While perhaps not the original Vertigo flagship book, Hellblazer ended up being the longest running title and something DC has tried to revive (with mixed results) post-Vertigo. Let’s run it down:
- Hellblazer ’88 – DC would like to call it “John Constantine, Hellblazer” in the post-Keanu world, but that’s not what anyone calls it. The first run is just Hellblazer. And it’s as solid a 300 issues as you’ll find. Jamie Delano. Neil Gaiman. Garth Ennis. Brian Azzarello. Mike Carey. Paul Jenkins. John Ridgeway. David Lloyd. Steve Dillon. The list goes on quite a while. A parade of top talent, if we’re honest. Good horror comics!
- John Constantine: Hellblazer – City of Demons ’11- One-off graphic novel by Si Spencer and Sean Murphy. We seem to recall liking it.

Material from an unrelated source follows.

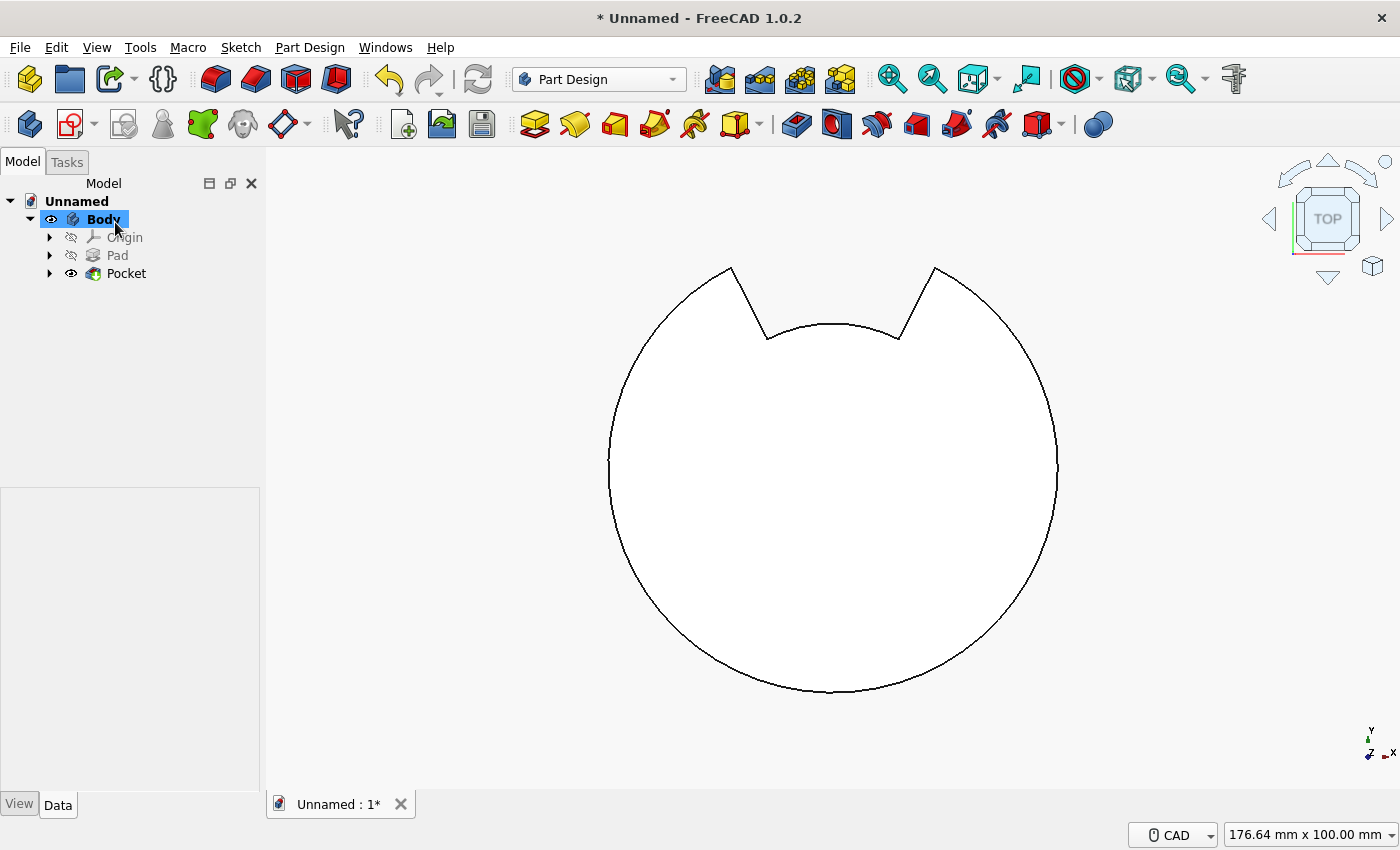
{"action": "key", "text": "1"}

- Constantine ’13 – The new 52 relaunch. Mostly Ray Fawkes / Renato Guedes
- Constantine: The Hellblazer ’15 – Ming Doyle / James Tynion IV / Riley Rossmo
- The Hellblazer ’16 – Rotating creators; we haven’t read this one, but it’s notable that V. 4 is co-written by Sandman Slim novelist Richard Kadrey
- John Constantine, Hellblazer ’19 – This is the Si Spurrier/Aaron Campbell version we’ve been stumping for around here. Right up there with the best runs and DC just started a new series of it. Both volumes make for 1 story and it’s great.
- Hellblazer: Rise and Fall ’20 – Tom Taylor/Darick Robertson Black Lablel tale. (And with that team, you should know if you want it.)
- The Mystery of the Meanest Teacher: A Johnny Constantine Graphic Novel ’21 – Ryan North / Derek Charm YA tale
- Constantine: Distorted Illusions – Kami Garcia / Isaac Goodhart do teen Constantine and his band
This Means War
The Marvel War of the Realms Sale runs through Monday, 1/22.
This would be the Jason Aaron Thor Event.
You know how all these Events have “The Road to” type lead-ins? That’s the case here, except it’s part of the Thor series: Thor V.2: The Road to War of the Realms (Jason Aaron / Mike del Mundo / Tony Moore).
There’s also War of the Realms Prelude, which is a collection of issues from various Thor titles that have some bearing/build-up to the Event.
The meat of the Event is the collection of the miniseries (War of the Realms – Aaron/Russell Dauterman). If it were us, we’d probably have included Thor V.3 – War’s End (Aaron/Del Mundo), but that’s not actually part of the sale for whatever reason.
As usually there are a lot of tie-in books. Choose those at your liberty, though Aaron writes the Avengers tie-in (with Ed McGuinness).
Not Just For Handkerchiefs
The Marvel Silk Sale runs through Monday, 1/22
We know what you’re thinking: “I thought Silk belonged to Quality Comics.” And you’d be right, but that’s “Her Highness and Silk,” the Kid Eternity foes who got spun off into their own feature. This is the Marvel Spidey spin-off.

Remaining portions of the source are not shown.